The fifties. The magic. Time of change. Crisis. The
end of the pulps and the birth of the "original" paperbacks. In
recent years critic-writers, Bill Pronzini, Christopher Geist, Michael Barson
and Bill Crider have kindly referred to me as king of the paperback pioneers. I
didn't realize at the time I was a pioneer and I certainly didn't set out to be
"king" of anything. I needed a fast-reporting, fast-paying market;
the paperbacks provided this. I wrote 8, 10, 12 hours a day. Paperback editors
bought and paid swiftly. We were good for each other.
The reason why I wrote and sold more than almost
everybody else was that I was living on the edge of ruin, and I was naive.
James Cagney once said, "It's the naive people
who become the true artists.

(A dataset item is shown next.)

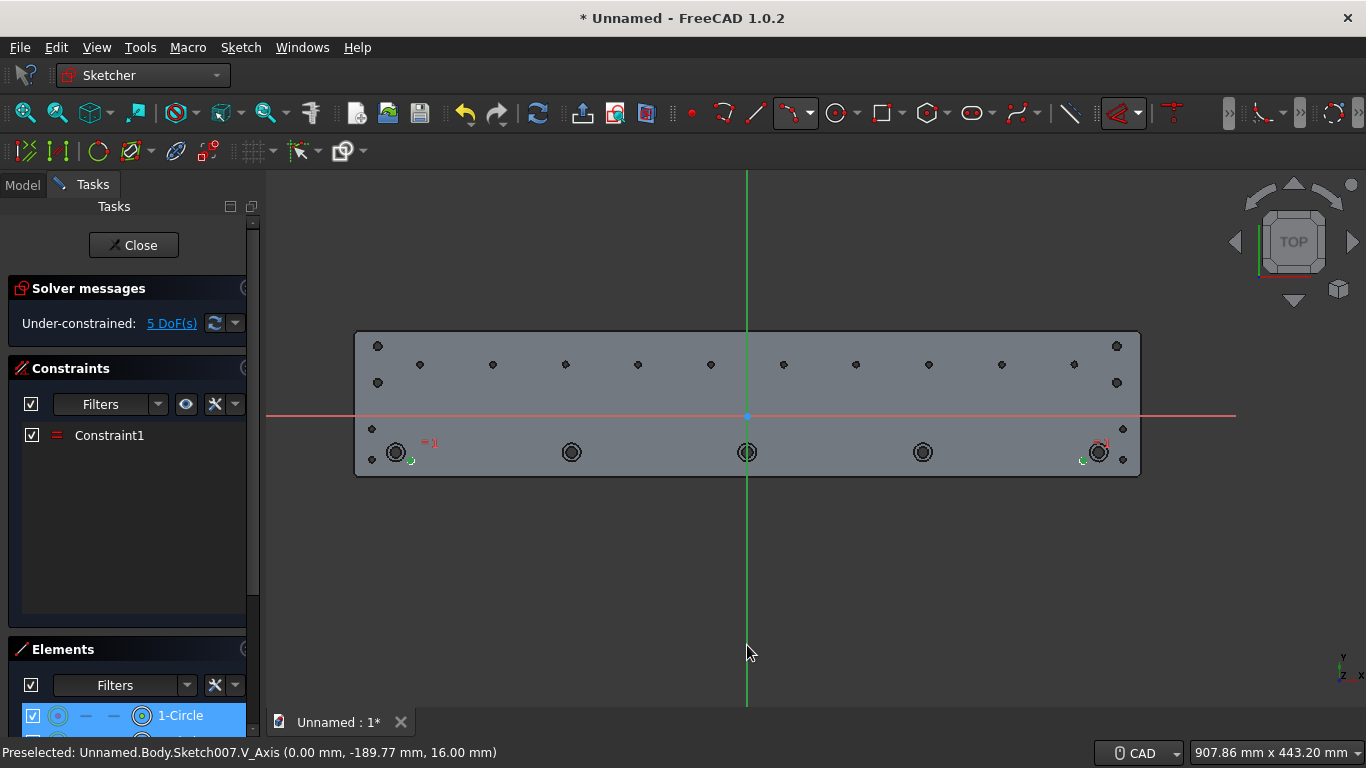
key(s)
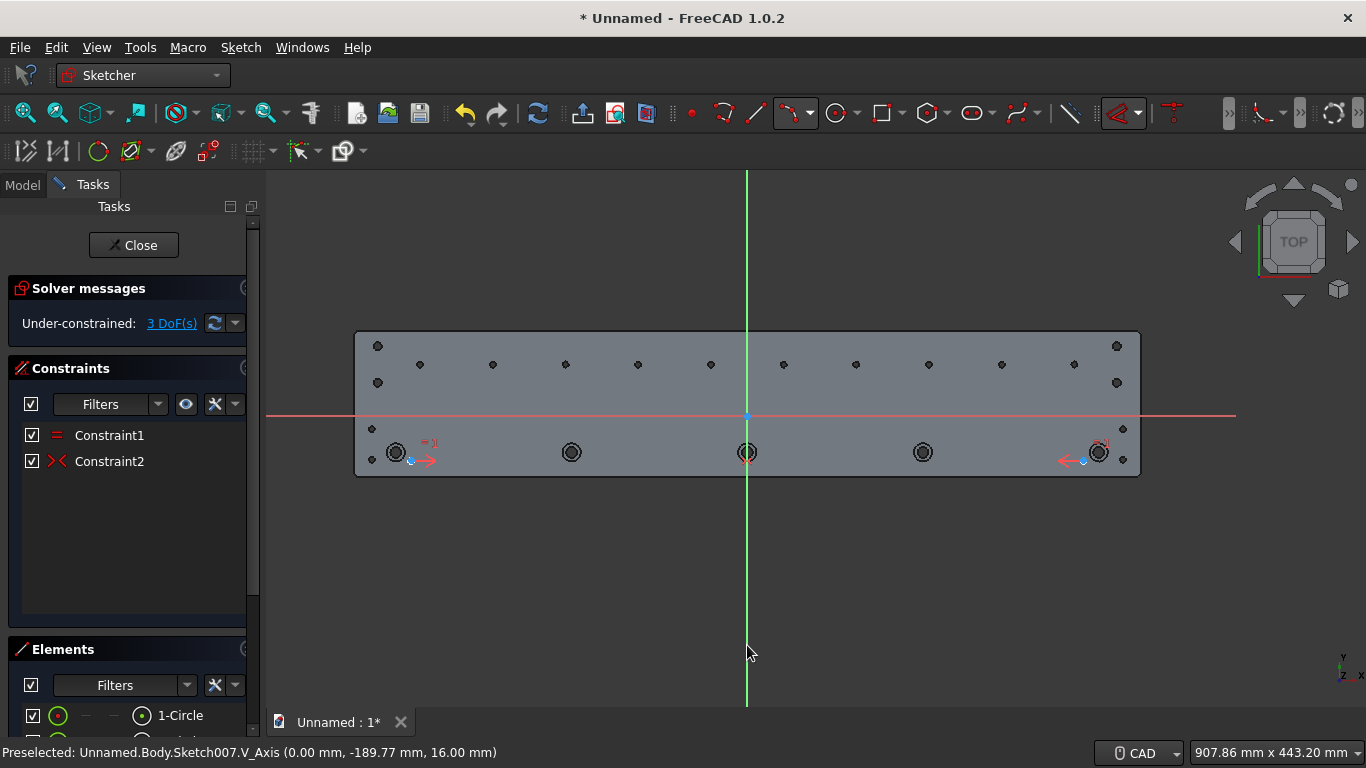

First, they have to be naive enough to believe in
themselves. Then, they must be naive enough to keep on going, using their
talent, in spite of any kind of discouragement or doublecross. Pay no attention
to setbacks, not even know a setback when it smites. Money doesn't concern
them."
Money concerned me. I'd never have dared become a
full-time writer if I'd known in the forties that the critically acclaimed
"authors" I admired from afar were college professors, ad men,
lawyers, reporters, dogcatchers or politicians by day. Fewer than 500 people in
the U.S. make their living from full-time freelance writing. Since 1948, I've
been precariously, one of fortune's 500. I persist.

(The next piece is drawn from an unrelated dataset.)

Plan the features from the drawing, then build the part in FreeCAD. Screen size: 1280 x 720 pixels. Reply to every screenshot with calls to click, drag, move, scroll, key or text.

Because, in 1948, 1 didn't know any better, I quit
my government job of 16 years and leaped in, fully clothed, where only fools
treaded water. I had a wife, two children and gimlet-eyed creditors standing at
my shoulder. I had to write and I had to sell.
At that precise moment, the publishing world was
being turned upside down by the Fawcett Publishing Company. When they lost a
huge reprint paperback distribution client, they decided to do the unheard of,
the insane. They published original novels at $.25 a copy. Print order on each
title: 250,000. They paid writers not by royalty but on print order. Foreign,
movie and TV rights remained with the writer. They were insane. They were my
kind of people. Bill Lengel, Dick Carroll and later, Walter Fultz. Elegant men.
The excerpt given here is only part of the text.